4

I have an existing Solr setup, running on a standalone Solr instance. I have been asked to add resilience and high availability to this setup. So I would like to add replication to my setup, for which I believe SolrCloud is the way to go?

I have run through the demo's on the SolrCloud wiki. However I am not sure, how to add my existing Solr instance to ZooKeeper and then add some more nodes for it to replicate to. Is this possible without re-bulking?

The wiki states

NOTE: When you are not using an example to start solr, make sure you upload the configuration set to zookeeper before creating the collection.

However I am unsure which files it is referring to and how to do this?

Cuurent setup info:

  • Solr 4.5.1
  • 2vCPU's 24GB RAM
  • 66 million docs in index
  • 58Gb index size
  • Bulk index time ~50 hours
  • 4000 max users
  • 400 average concurrent users
  • 20k updates per day
  • User searching via solrJ application
  • Querying involves grouping

Wish list

  • Existing Solr Index replicated to 2 new nodes
  • 3 Zookeeper nodes to provide resilience

What I have tried:

  • Download Zookeeper, run zkServer start with default settings -OK
  • Start existing solr setup with option -DzkHost=actualhostname:2181

But I recieve an error from solr "Could not load SOLR configuration".
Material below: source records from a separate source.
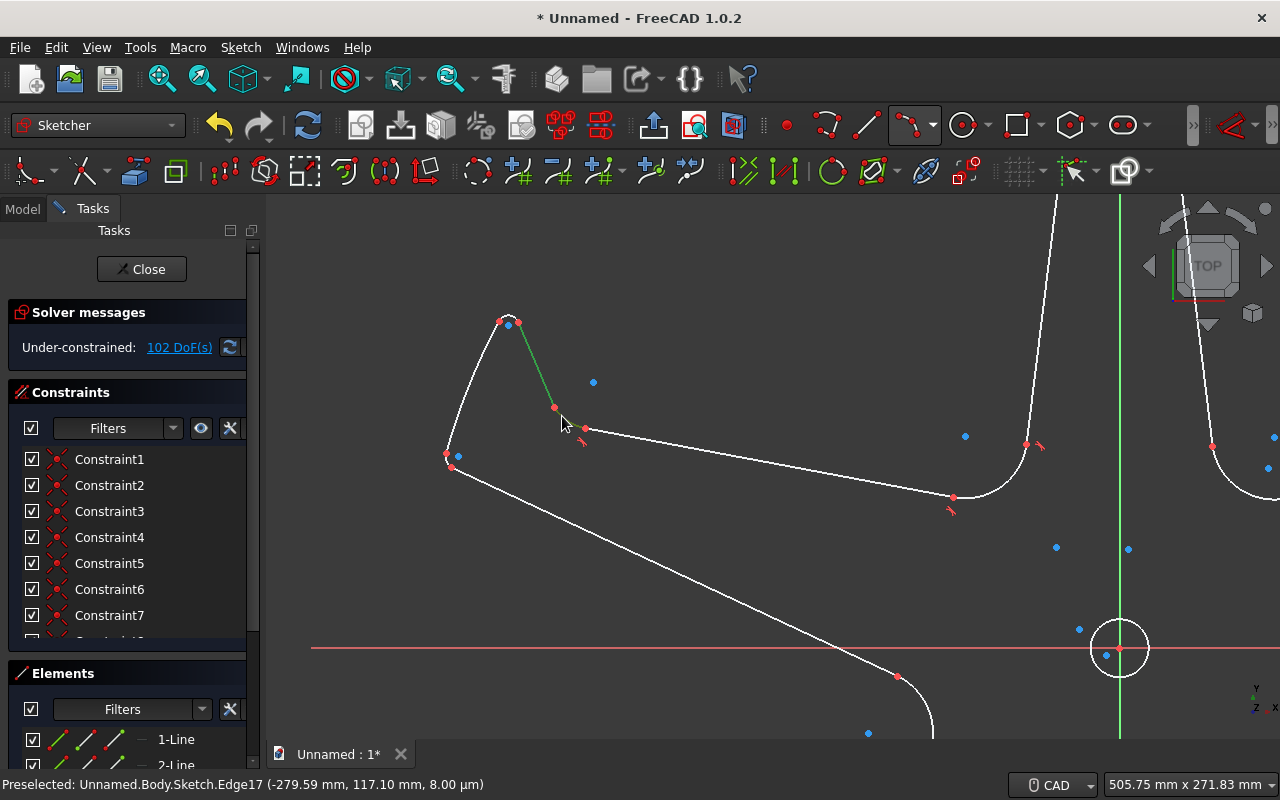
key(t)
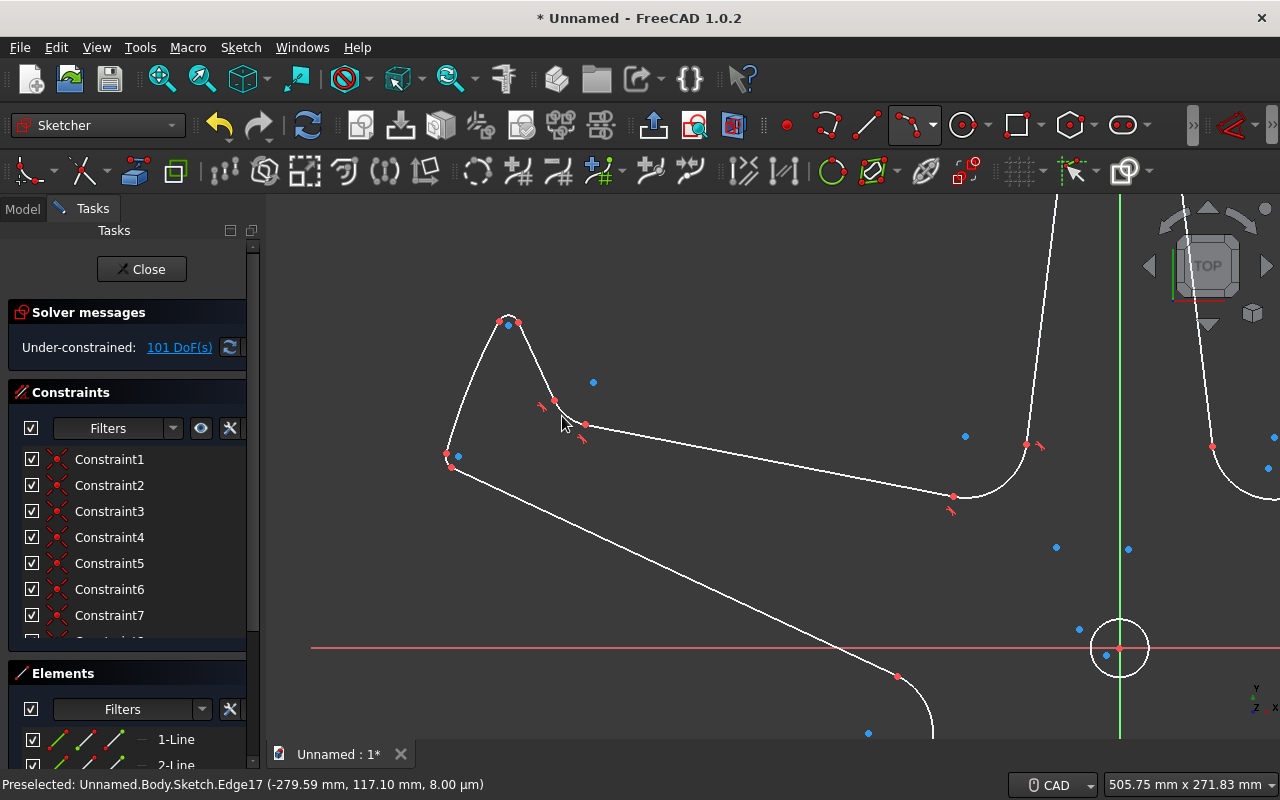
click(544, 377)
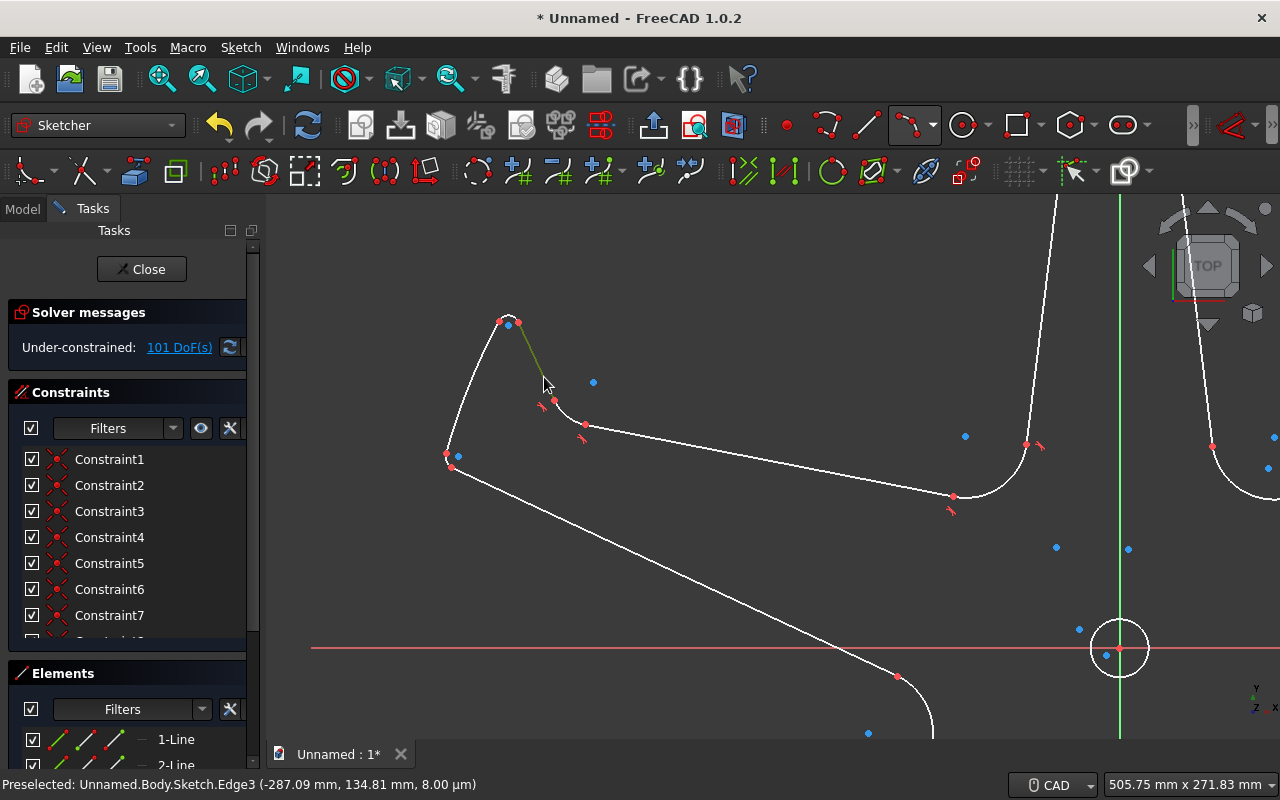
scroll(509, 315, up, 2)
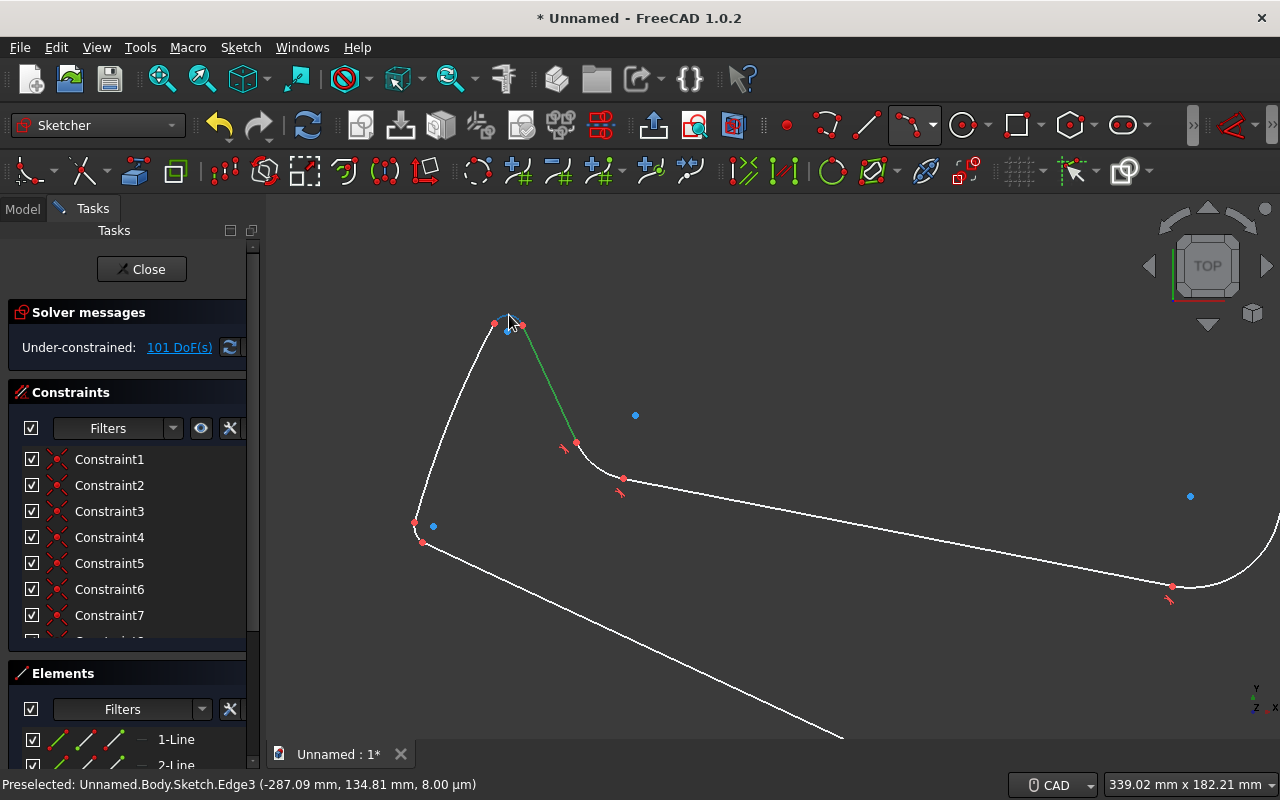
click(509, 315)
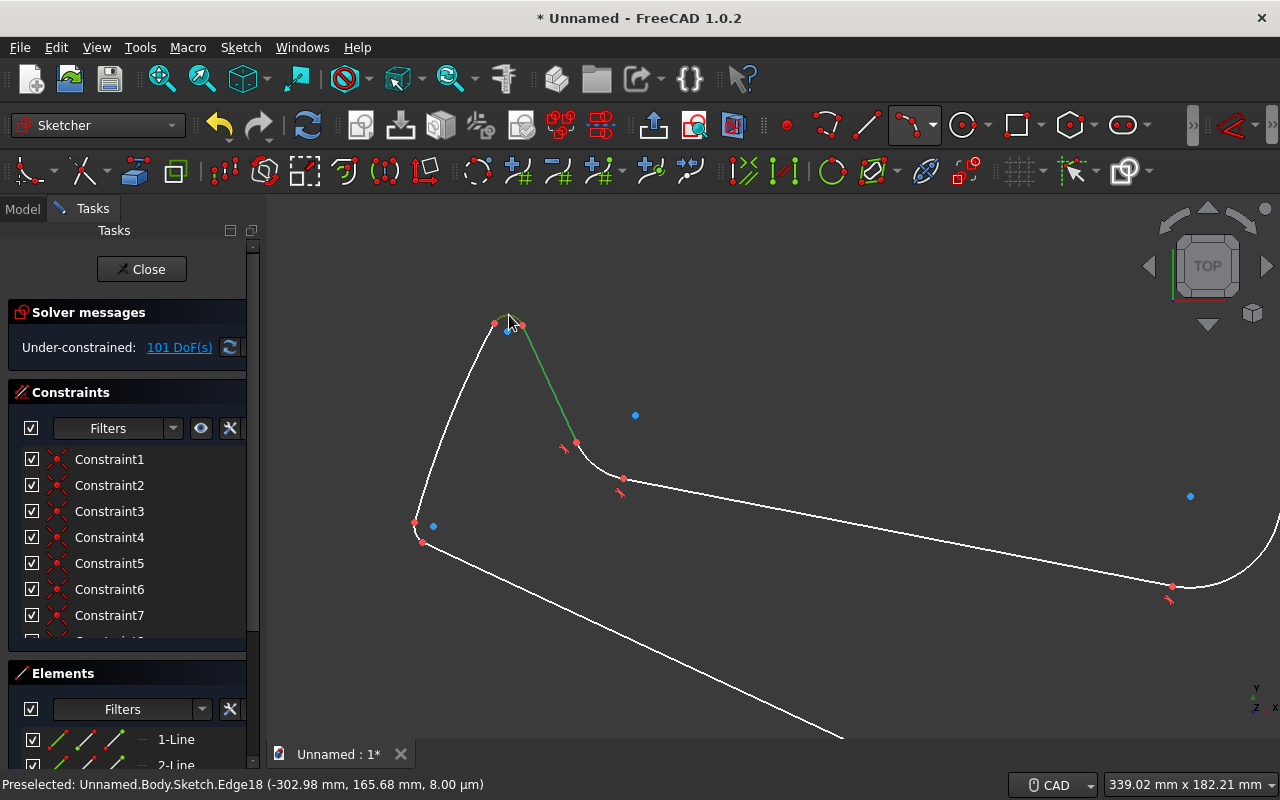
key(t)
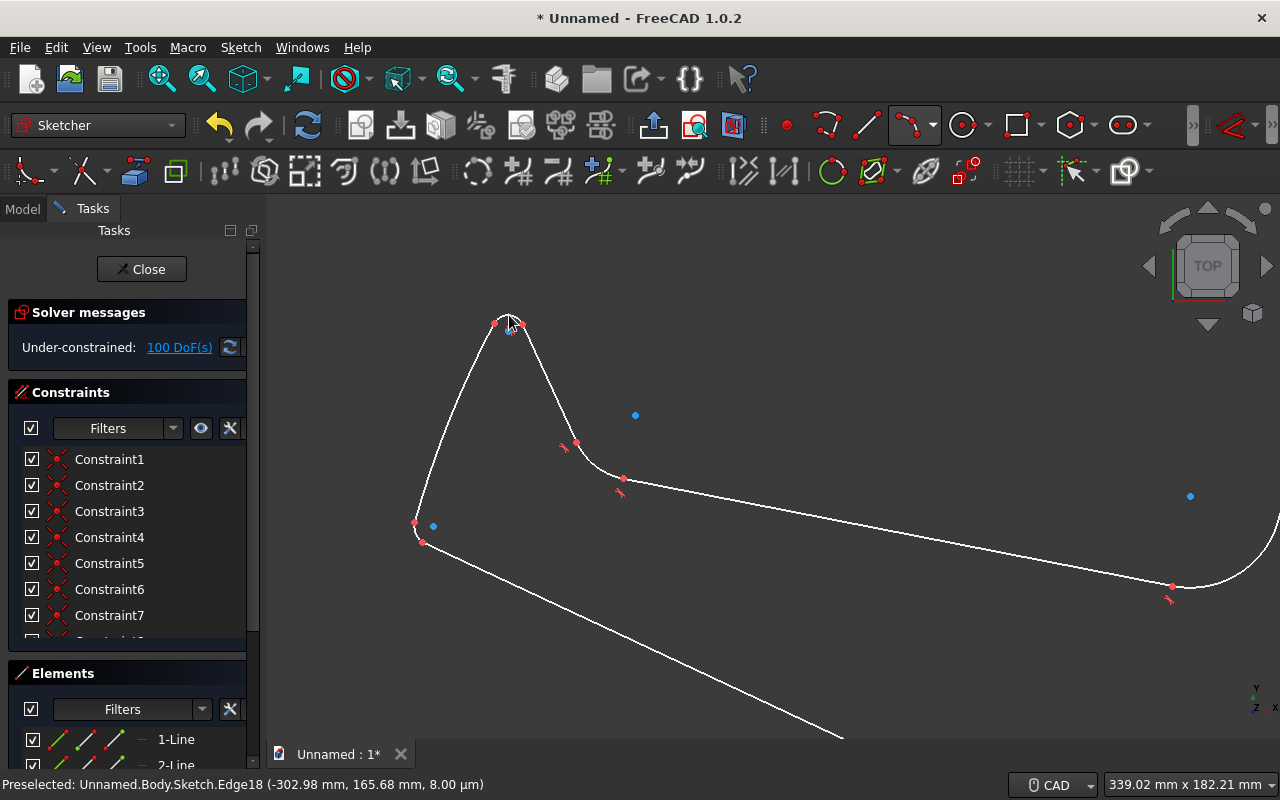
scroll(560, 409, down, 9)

So I guess my question summarises to:

  1. For my setup is SolrCloud the way to go rather than say ReplicationHandler?
  2. Is it possible to add solrCloud and ZK support without re-indexing (50hrs is a long time)?
  3. Which config files am I supposed to be adding to zk and how?
  4. Am I correct that without additional config changes sharding is not an option because I am using grouping in my queries?
  5. Should I upgrade from solr 4.5.1 if so how far?
  6. Most importantly, does my "Wish list" look like a good idea/bad idea/moon on a stick? If good, how to achieve it? If bad, an suggestions?

I am pretty new to Solr (~12 months use) and very new to Zookeeper and SolrCloud (~2 weeks reading/experimenting), so any advice on achieving the above would be very much appreciated.

Mysterion
  • 9,050
  • 3
  • 30
  • 52

2 Answers2

0

With solrcloud you could split the content on different nodes, if you use multiple shards. You can start with a single shard (one leader and few replicas). Then copy the index and tlog directories from the solr classic that you currently use to the solr cloud leader. This way you do not need to reindex. Later on you can split the shard, if the content is too big for a single node or if you want to spread the index across multiple nodes. Latest solr release is 4.10.3. Why not using that instead of 4.5.1?

Solr documentation explains pretty well how to create the zk content: https://cwiki.apache.org/confluence/display/solr/SolrCloud+Configuration+and+Parameters

Essentially when you start your first solr cloud node, you tell it where zk cluster is, or you have a choice to start zk on the same node as solr. You also need to tell it where the config files are as it will copy them on zk.

Calin Grecu
  • 76
  • 1
  • 6
0
  • For my setup is SolrCloud the way to go rather than say ReplicationHandler?

SolrCloud is the way forward with Solr, so I'd say yes.

  • Is it possible to add solrCloud and ZK support without re-indexing (50hrs is a long time)?

If you don't use sharding, only replicas, no need to reindex.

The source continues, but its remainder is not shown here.